A Editora Nemo estreou e já colocou nas livrarias brasileiras excelentes álbuns em quadrinhos e o seu editor conta o que vem por aí e quais são os objetivos da editora.

Por Lucas Pimenta e Lillo Parra

 

[QaQ] Você é um dos roteiristas mais respeitados e experientes do mercado, além de já ter recebido diversos prêmios. E agora é o editor de um projeto desde o nascedouro. O que é a Editora Nemo e como ela pretende atuar?

[WS] A NEMO é a editora de quadrinhos do Grupo Autêntica. Estamos iniciando agora um projeto a longo prazo, cujo principal objetivo é publicar quadrinhos de qualidade, criados por autores nacionais e estrangeiros. Para isso, estamos trabalhando com edições no formato álbum, com ótima impressão e acabamento, vendidas a preços acessíveis. Neste início, temos séries e coleções que trazem clássicos europeus e também novas HQs produzidas por talentos brasileiros contemporâneos. E isso é apenas o começo!

[QaQ] Nesta semana a Nemo entrou no mercado com três álbuns. Entre eles Arzach, o lendário álbum de Moebius, inexplicavelmente inédito no Brasil. A que você credita o ineditismo dessa obra?

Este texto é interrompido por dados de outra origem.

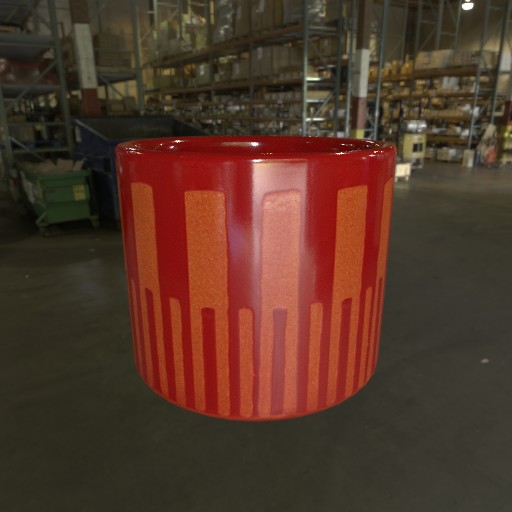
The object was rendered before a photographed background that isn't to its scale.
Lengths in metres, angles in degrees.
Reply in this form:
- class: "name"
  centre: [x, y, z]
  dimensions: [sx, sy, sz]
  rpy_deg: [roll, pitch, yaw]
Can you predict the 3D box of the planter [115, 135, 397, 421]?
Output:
- class: "planter"
  centre: [0.000, 0.000, 0.405]
  dimensions: [0.230, 0.202, 0.230]
  rpy_deg: [0, 18, 0]

[WS] É realmente inexplicável o fato de um clássico revolucionário e tão influente como Arzach ter ficado mais de trinta anos inédito no Brasil. Talvez tenha sido uma questão de falta de visão ou de desconhecimento por parte dos editores (já que outras obras do Moebius foram publicadas por aqui nas últimas décadas). Mas é realmente um mistério…

[QaQ] Com um mercado que oferece pouquíssimas opções ao leitor brasileiro do material franco-belga, publicar Arzach, uma série de quatro contos sem palavras não é uma escolha ousada para a primeira publicação européia da editora? Acredita que o leitor brasileiro está mais maduro para esse tipo de obra?

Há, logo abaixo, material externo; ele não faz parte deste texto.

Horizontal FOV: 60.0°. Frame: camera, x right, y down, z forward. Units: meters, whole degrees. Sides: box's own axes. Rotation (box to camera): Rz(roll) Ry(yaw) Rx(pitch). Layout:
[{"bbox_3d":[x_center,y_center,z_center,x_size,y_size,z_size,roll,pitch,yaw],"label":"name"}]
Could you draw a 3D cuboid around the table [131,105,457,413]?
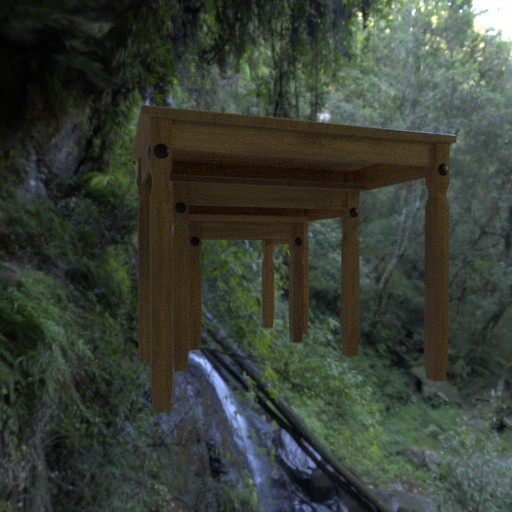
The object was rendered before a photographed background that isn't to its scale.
[{"bbox_3d":[0.000,0.000,1.228,0.660,0.535,0.773,0,1,-18],"label":"table"}]

[WS] Mas publicar Arzach é uma aposta segura! Que outro álbum, ainda inédito no Brasil, revolucionou a linguagem dos quadrinhos, inovando na narrativa e na estética, causando um impacto absurdo quando lançado e influenciando o trabalho de gerações de quadrinistas desde então? O trabalho do Moebius, nessa série e nas HQs que publicaremos nos volume seguintes da coleção, transformou não apenas os quadrinhos mas também o cinema, o design e até a moda. Então, começar pela obra com a qual Moebius iniciou sua revolução estética nos pareceu uma ótima opção. E além das quatro HQs clássicas sem balão, nossa edição traz “O Desvio”, a primeira história de ficção & fantasia de Jean Giraud (o futuro Moebius), e também mais três HQs do universo de Arzach.

[QaQ] A Coleção Moebius tem previsto quantos volumes e quais as obras do artista que serão publicadas? Qual a periodicidade da coleção?

[WS] A coleção terá mais quatro volumes depois de Arzach. O próximo trará HQs de ficção científica em P&B, como “Absoluten Calfeutrail”. O terceiro volume trará a versão completa e em formato original da coletânea O homem é bom?. Depois teremos A Garagem Hermética e As Férias do Major, ambos sobre o inusitado universo ficcional do personagem Major Grubert. A ideia é lançarmos um volume por semestre, então teremos mais um ainda neste ano e mais dois em 2012.

[QaQ] A Nemo anunciou a publicação de Corto Maltese – A Juventude, primeira história na ordem cronológica do personagem de Hugo Pratt. Corto Maltese tem um histórico de publicações inconstantes no Brasil. Qual será o diferencial dessa retomada de Corto Maltese? A Nemo pretende publicar apenas álbuns inéditos ou relançar tudo em ordem cronológica?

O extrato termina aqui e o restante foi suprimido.